Sie kam bestimmt auf die Jungen zu und begrüßte beide mit festem Handschlag. „Ich muss zugeben, dass ich etwas erstaunt bin. Ich habe weit ältere Gesprächspartner erwartet“, sagte sie mit einem Lächeln. „Wenn sich jemand für Vorgänge aus den Dreißiger Jahren interessiert, ist die Person meistens mindestens so alt wie ich.“ Sie nahm die Mütze ab und schüttelte ihr silbernes Haar. „Was wollt ihr denn nun genau wissen?“
Alex erzählte ihr von dem Tod des Ziegeleibesitzers Henk Deependaal vor über siebzig Jahren und das das Verbrechen wahrscheinlich etwas mit einem ganz bestimmten Auftrag zu tun hätte.
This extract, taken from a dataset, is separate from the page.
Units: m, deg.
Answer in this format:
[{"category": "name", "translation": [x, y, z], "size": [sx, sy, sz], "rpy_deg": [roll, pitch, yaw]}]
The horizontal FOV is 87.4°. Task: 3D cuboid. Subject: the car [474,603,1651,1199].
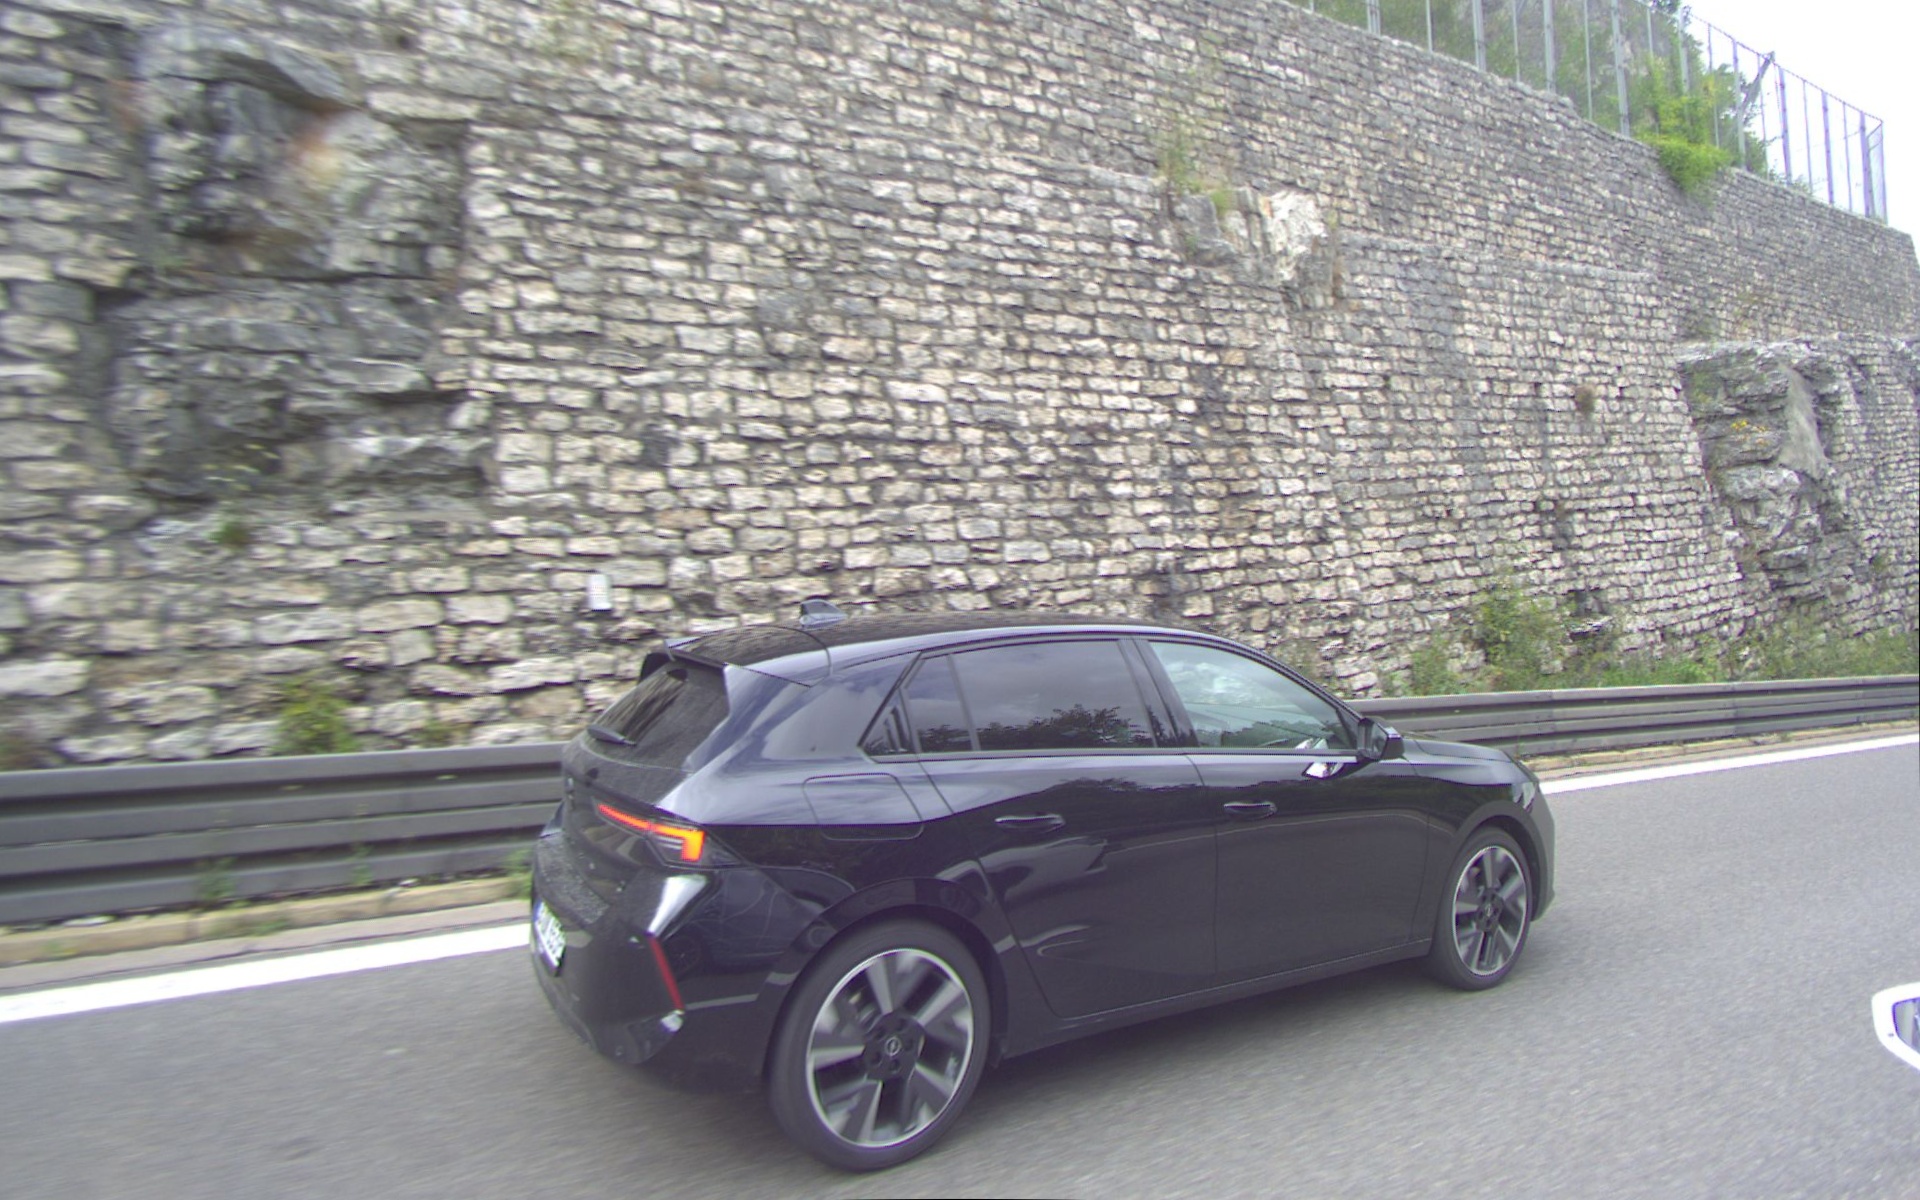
[{"category": "car", "translation": [0.628, 0.803, 4.028], "size": [4.527, 1.480, 1.765], "rpy_deg": [1, 0, -30]}]

Und diese Spur führte sie direkt zum Baustoffhändler Menken und Dirks. „Die Auftragsbestätigung datierte vom 16. August 1936“, schloss er seinen kurzen Bericht. Frau Steinwald nickte. „Okay“, sagte sie dann nach einer Weile, „dann wollen wir mal gucken, was wir finden. Vielleicht kann ich euch ja weiter helfen. Das hört sich jedenfalls nach einer sehr interessanten Story an.“
Sie ging den Jungen voraus in die nüchtern gestaltete Eingangshalle der Firma. An den Wänden hingen Muster von verschiedenen Klinkersteinen und Dachziegeln. Schon wieder Backsteine, dachte Alex, die verfolgen uns ja regelrecht. Auf dem Weg zum Seniorchef wurde Frau Steinwald drei mal von ehemaligen Kollegen herzlich begrüßt und jedes mal in ein kurzes Gespräch verwickelt. Ungeduldig standen die Jungen daneben, als eine Ex-Kollegin ihr von einer anstehenden Hüftoperation berichtete.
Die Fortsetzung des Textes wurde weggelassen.